Bullet characterization using Photon-Counting detector CT: A phantom with intact bullets

OBJECTIVES: Photon-counting detector CT (PCD-CT) is expected to substantially improve and expand CTimaging applicability due to its intrinsic spectral capabilities, increased spatial resolution, reduced electronic noise, and improved image contrast. The current study aim is to evaluate PCD-CT efficacy in characterizing bullets based on their dimensions, shape, and material composition. MATERIALS AND METHODS: This is an observational phantom study examining 11 unfired, intact bullets of various common calibers, placed in ballistic gelatin. Ultra-high resolution and spectral images were acquired on a clinical PCD-CT-scanner. CT-measurements of the dimensions (length and diameter) were independently determined by 2 readers and compared to previously obtained manual caliper measurements. Bullet shape (round nose, flat nose, or spitzer bullet) was assessed using 3D-volume rendered (3D-VR) CT-image reconstruction. Bullet composition was examined based on dual-energy ratios (DER) which were color-coded accordingly and overlaid on high resolution CT-images.

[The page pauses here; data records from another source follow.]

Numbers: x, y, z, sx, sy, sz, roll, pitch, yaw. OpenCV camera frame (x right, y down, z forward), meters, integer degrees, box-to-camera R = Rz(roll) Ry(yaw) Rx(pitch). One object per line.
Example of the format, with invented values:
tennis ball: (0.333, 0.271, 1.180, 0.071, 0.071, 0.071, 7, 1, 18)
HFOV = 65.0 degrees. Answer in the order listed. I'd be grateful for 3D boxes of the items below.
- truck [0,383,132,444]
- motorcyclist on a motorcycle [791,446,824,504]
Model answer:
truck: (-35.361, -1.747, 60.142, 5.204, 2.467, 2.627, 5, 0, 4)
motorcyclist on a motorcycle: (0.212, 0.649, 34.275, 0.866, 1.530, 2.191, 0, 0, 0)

RESULTS: Compared to caliper measurements, mean differences (SD) in bullet diameter were + 0.40 mm (0.16) and + 0.38 mm (0.13) for readers 1 and 2; mean differences in length were + 0.49 mm (0.19) and + 0.45 mm (0.20). The observed proportion of accurately categorized 3D-VR reconstructions was 90.9 % (10/11) for both readers with moderate interrater agreement (Cohens kappa: 0.59, P = 0.004). DER color-coded images showed clear distinction between jacket and core and enabled correct identification of bullets with and without jackets. CONCLUSIONS: These results indicate that PCD-CT is a promising tool for reliable radiological characterization of bullets.